Policyholders should be aware of professional services exclusions in their liability policies that may be broadly interpreted to exclude liability arising out of operations that, while traditionally not regarded as professional in nature, may include professional elements or duties. Furthermore, it should never be assumed that an umbrella or excess policy will provide follow-form coverage to a primary policy that does not contain a professional services exclusion. Accordingly, when relying upon additional insured coverage as a principle means of risk transfer, a thorough review of all relevant policies should be undertaken whenever possible.

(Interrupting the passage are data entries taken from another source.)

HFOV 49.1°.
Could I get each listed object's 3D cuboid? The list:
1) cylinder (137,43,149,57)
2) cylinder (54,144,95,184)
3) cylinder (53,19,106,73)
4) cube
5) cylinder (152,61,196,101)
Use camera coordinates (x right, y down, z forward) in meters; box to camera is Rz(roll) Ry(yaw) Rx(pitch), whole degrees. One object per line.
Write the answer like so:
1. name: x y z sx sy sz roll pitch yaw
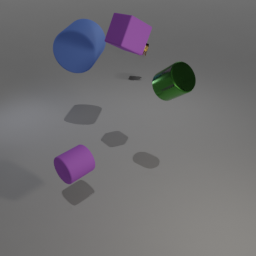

These points are underlined by an unpublished decision issued in July 2017, the California Court of Appeals determined that the failure to properly mark a petroleum pipeline, which led to a massive explosion and the death of five individuals, arose from the performance or non-performance of professional services. See Energy Ins. Mut. Ltd. v. Ace Am. Ins. Co., No. A140656, 2017 WL 2953677 (Cal. Ct. App. July 11, 2017). Accordingly, the court found that the professional services exclusion of an umbrella liability policy operated to bar additional insured coverage.
Kinder Morgan, Inc., hired two temporary employees through Comforce Corporation to work as construction inspectors on a large water supply line project in Walnut Creek. The inspectors were required “to have knowledge of the practices, principles, procedures, regulations and techniques as they related to terminal pipeline construction.” Kinder Morgan’s own employee also served as a line rider on the Project, performing duties, such as, pipeline identification, locating and marking lines, as well as replacing damaged or missing markers. On November 9, 2004, an excavator working at the Project, punctured a high-pressure petroleum line owned by Kinder Morgan, which resulted in an explosion and fire injuring and killing numerous individuals. The underlying lawsuits alleged that the pipeline rupture was caused by the negligence of Kinder Morgan and Comforce.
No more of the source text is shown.